B. Program Kerja Bidang Pengembangan Industri
- Fasilitasi Akses Bahan Baku
- Menjalin kemitraan dengan produsen dalam negeri dan pemasok internasional.
- Mendorong pembentukan pusat distribusi bahan baku (material hub).
- Membantu anggota memperoleh bahan baku dengan harga kompetitif.
- Digitalisasi Industri Sandang
- Penyediaan sistem informasi berbasis digital untuk rantai pasok, produksi, dan pemasaran.
- Pelatihan e-commerce, ERP, dan manajemen rantai pasok digital.
- Pendampingan UMKM sandang untuk migrasi ke platform digital.
- Pengembangan Inovasi dan Teknologi Produksi
- Bekerja sama dengan lembaga riset dan universitas.
- Pelatihan teknologi mesin, standar mutu, dan inovasi material baru.
- Dukungan riset untuk meningkatkan kualitas dan efisiensi produksi.
C. Program Kerja Bidang Pembinaan SDM & UMKM
- Pelatihan dan Sertifikasi Kompetensi
- Pelatihan tata busana, manajemen produksi, QC, dan desain fashion.
- Sertifikasi tenaga kerja industri sandang bekerja sama dengan BNSP.
- Pendampingan UMKM Sandang
- Program inkubasi usaha bagi pelaku baru.
- Konsultasi bisnis, manajemen keuangan, dan branding.

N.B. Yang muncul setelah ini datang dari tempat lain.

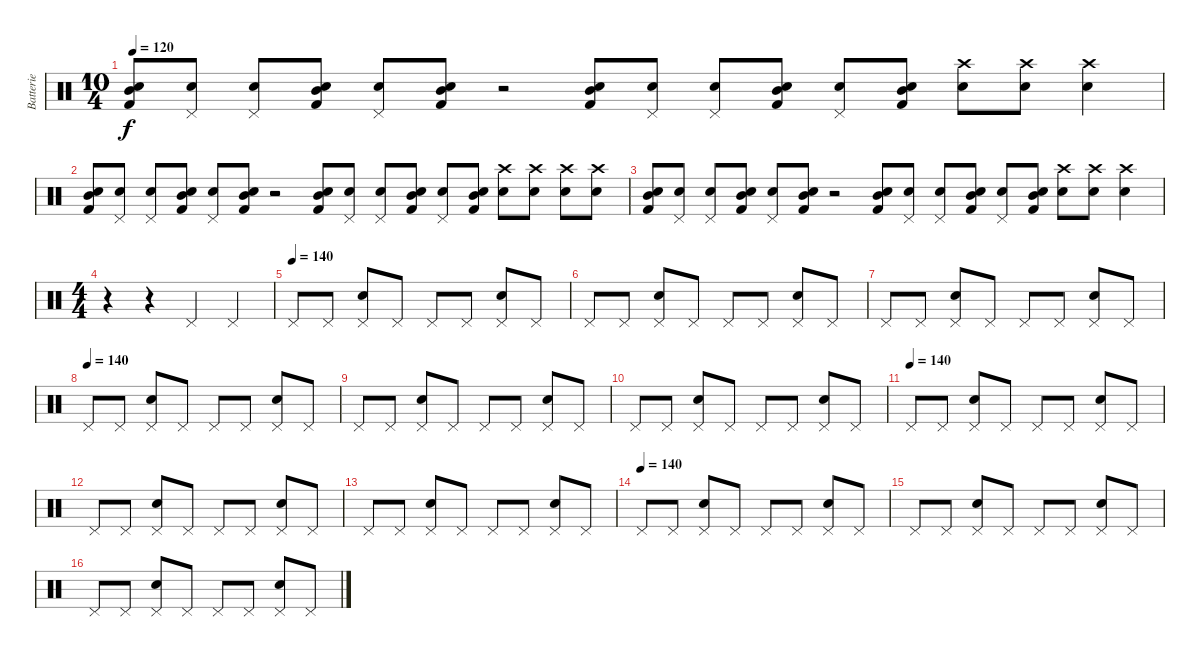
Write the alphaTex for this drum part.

- Akses pembiayaan melalui kerjasama dengan perbankan dan lembaga keuangan.
- Pemberdayaan Tenaga Kerja Perempuan
- Program pelatihan khusus perempuan sebagai pilar utama industri sandang.
- Fasilitasi kerja sama dengan koperasi dan komunitas lokal.
D. Program Kerja Bidang Kemitraan dan Jaringan Usaha
- Pembangunan Jejaring Nasional dan Internasional
- Kerja sama dengan asosiasi sandang internasional.
- Partisipasi pada pameran tekstil dan fashion global.
- Mendorong promosi ekspor produk sandang Indonesia.
- Kolaborasi dengan Retail, E-Commerce, dan Brand Nasional
- Membuka peluang pemasaran produk anggota.
- Membangun ekosistem pemasaran terintegrasi.
- Program Business Matching
- Mempertemukan produsen, distributor, importir, dan buyer nasional/internasional.
- Menyelenggarakan forum investasi sektor sandang.
E. Program Kerja Bidang Edukasi dan Publikasi
- Kampanye Nasional Kesadaran Industri Sandang
- Edukasi publik tentang pentingnya keberlanjutan industri sandang.
- Sosialisasi kebijakan dan program PESINDO.
- Penerbitan Buletin, Jurnal, dan Laporan Industri
- Penyebaran informasi regulasi, tren fashion, bahan baku, dan teknologi.
- Pusat Informasi dan Konsultasi Industri Sandang
- Memberikan layanan konsultasi kepada anggota dan publik.
- Membuka hotline dan helpdesk regulasi.